Depending on the positions of the mirrors within, the effect of looking forward, up, down, or off to the side is that the box becomes populated by a fascinating or unsettling sweep of your face from different angles. I say "fascinating or unsettling," because it's akin to the discombobulating feeling of being in a fun house, or catching a view of yourself in a many-mirrored dressing room and experiencing what you look like from various non-frontal views.

Eight of the nine boxes require at least two people in order to experience the box to the fullest.
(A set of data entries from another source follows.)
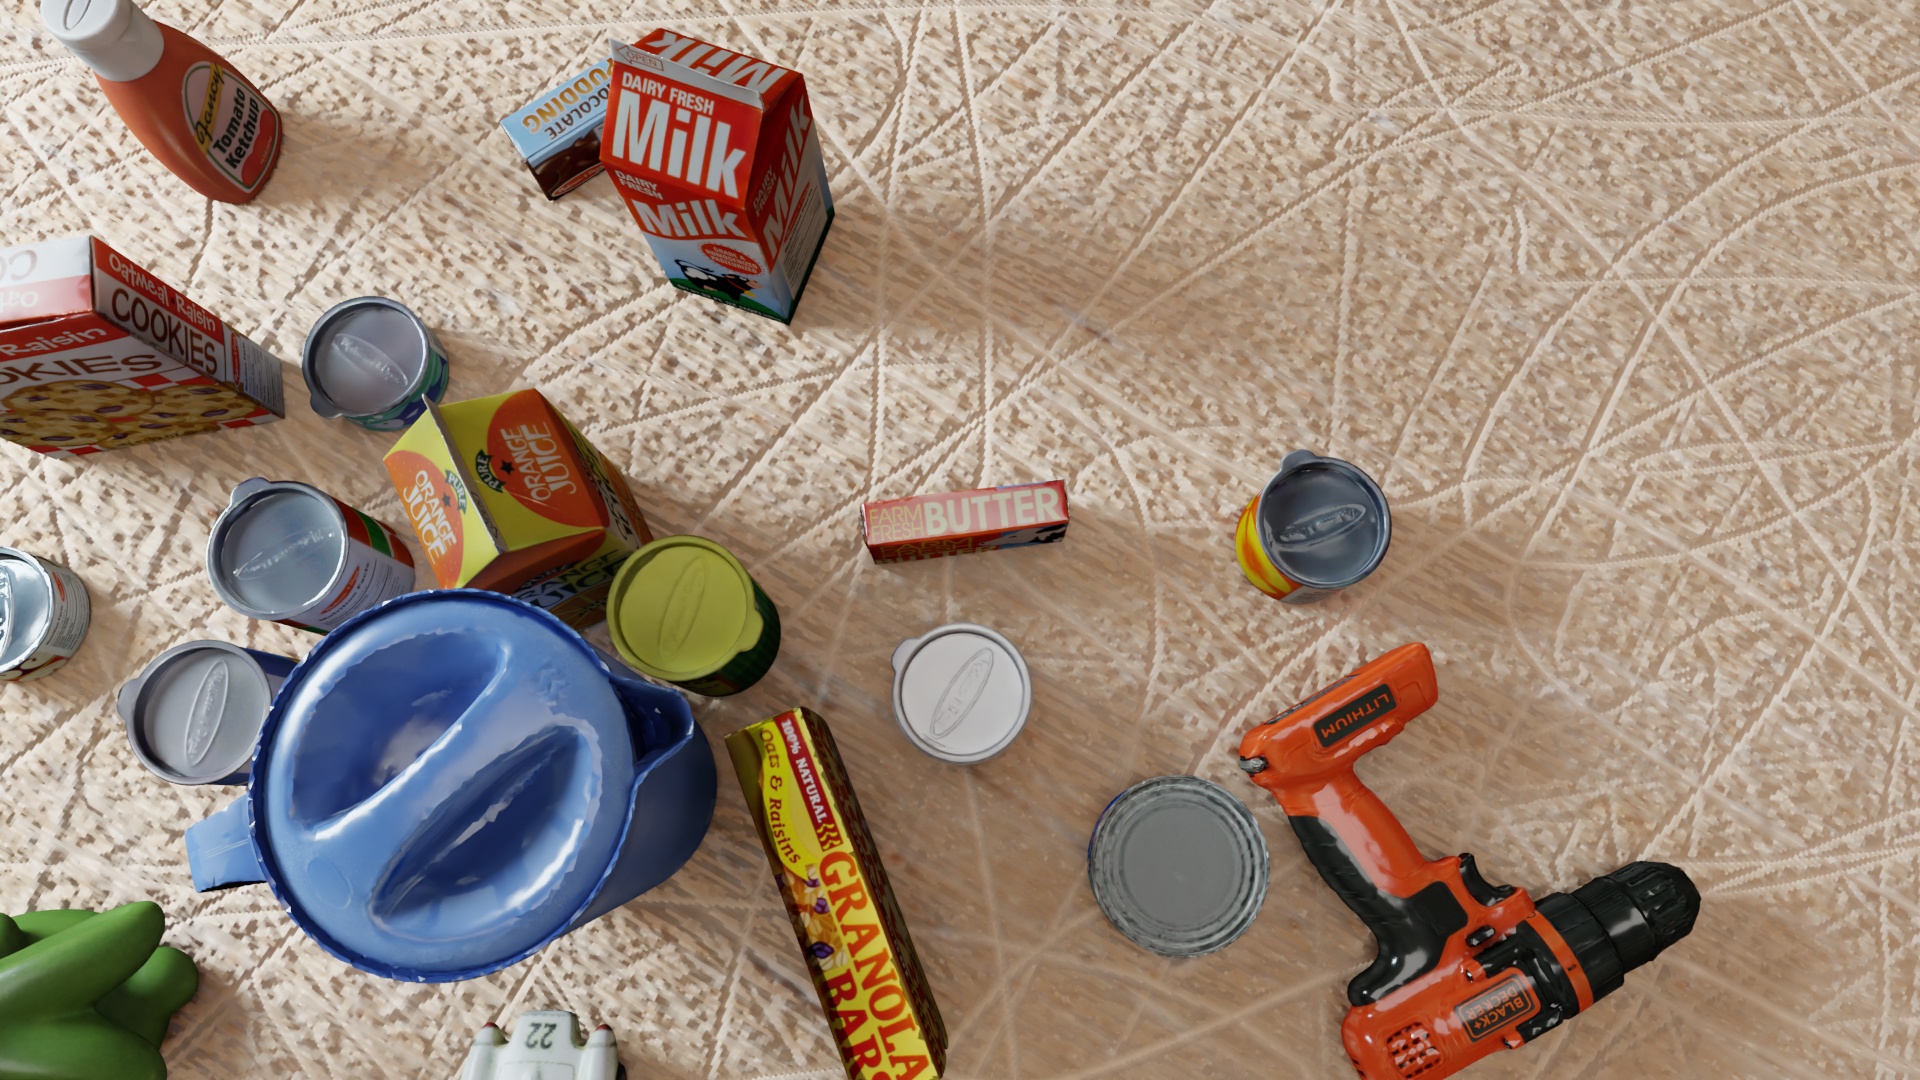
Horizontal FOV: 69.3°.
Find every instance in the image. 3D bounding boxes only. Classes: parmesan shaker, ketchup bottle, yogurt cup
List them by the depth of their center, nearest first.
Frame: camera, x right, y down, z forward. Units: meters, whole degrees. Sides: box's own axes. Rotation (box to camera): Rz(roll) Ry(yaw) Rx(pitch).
[{"bbox_3d":[-0.122,0.040,0.668,0.071,0.103,0.071,0,79,0],"label":"parmesan shaker"},{"bbox_3d":[0.001,0.077,0.685,0.072,0.054,0.072,0,78,0],"label":"yogurt cup"},{"bbox_3d":[-0.400,-0.229,0.700,0.043,0.148,0.065,13,79,3],"label":"ketchup bottle"}]

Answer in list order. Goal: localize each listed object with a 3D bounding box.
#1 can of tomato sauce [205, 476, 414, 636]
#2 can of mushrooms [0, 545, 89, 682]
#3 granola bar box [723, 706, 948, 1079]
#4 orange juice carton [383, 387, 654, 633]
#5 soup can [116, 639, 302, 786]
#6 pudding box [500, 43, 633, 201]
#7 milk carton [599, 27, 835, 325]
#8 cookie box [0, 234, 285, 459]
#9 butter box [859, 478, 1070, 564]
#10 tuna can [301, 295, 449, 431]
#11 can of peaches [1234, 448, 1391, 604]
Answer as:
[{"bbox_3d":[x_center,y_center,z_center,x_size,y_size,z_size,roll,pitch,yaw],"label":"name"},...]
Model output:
[{"bbox_3d":[-0.318,0.011,0.684,0.071,0.083,0.071,0,79,0],"label":"can of tomato sauce"},{"bbox_3d":[-0.485,0.038,0.703,0.071,0.033,0.071,0,78,0],"label":"can of mushrooms"},{"bbox_3d":[-0.053,0.162,0.631,0.039,0.124,0.166,-22,79,-4],"label":"granola bar box"},{"bbox_3d":[-0.195,-0.010,0.632,0.073,0.192,0.072,-27,80,-5],"label":"orange juice carton"},{"bbox_3d":[-0.347,0.084,0.668,0.071,0.083,0.071,0,79,0],"label":"soup can"},{"bbox_3d":[-0.200,-0.225,0.750,0.084,0.049,0.030,-35,81,-7],"label":"pudding box"},{"bbox_3d":[-0.114,-0.178,0.669,0.072,0.190,0.073,20,79,4],"label":"milk carton"},{"bbox_3d":[-0.423,-0.086,0.661,0.123,0.167,0.040,-10,79,-2],"label":"cookie box"},{"bbox_3d":[0.003,-0.009,0.704,0.103,0.053,0.024,-7,79,-1],"label":"butter box"},{"bbox_3d":[-0.308,-0.090,0.731,0.071,0.032,0.071,0,78,0],"label":"tuna can"},{"bbox_3d":[0.175,-0.006,0.701,0.071,0.058,0.071,0,78,0],"label":"can of peaches"}]

Usually, one person is required to poke his or her face into one opening, while another person stands at the opposite portal, experiencing an entirely different view of their friend's face — and their own — in the kaleidoscope. This is where photography comes into play, too. The artist invites creative engagement by encouraging viewers to photograph their friends' faces as part of the installation, and having a friend help is the only way to get a photo without your phone or camera in the shot. Plus, there really isn't room for your face and your camera in the gaps.

Only through a friend's photographs can you experience what their view of you is, but the photographs cannot full capture the optical illusions involved in these works. The experience is essentially temporal and fleeting.

One of the boxes, "Mènage á Trois," has room for three people to peer in at once, and provides a disorienting and then "magic eye," hallucinatory experience for those with the patience to relax their gazes. "Radiance" in particular lends itself very well to photographing different expressions in one shot to those who have mastered the use of the panoramic feature on their smart phones. In some boxes, I saw my face as a many-headed goddess in a Hindu temple, surrounded by flowers and candles left by devotees. Accordingly, I flashed alternating benevolent and fierce looks.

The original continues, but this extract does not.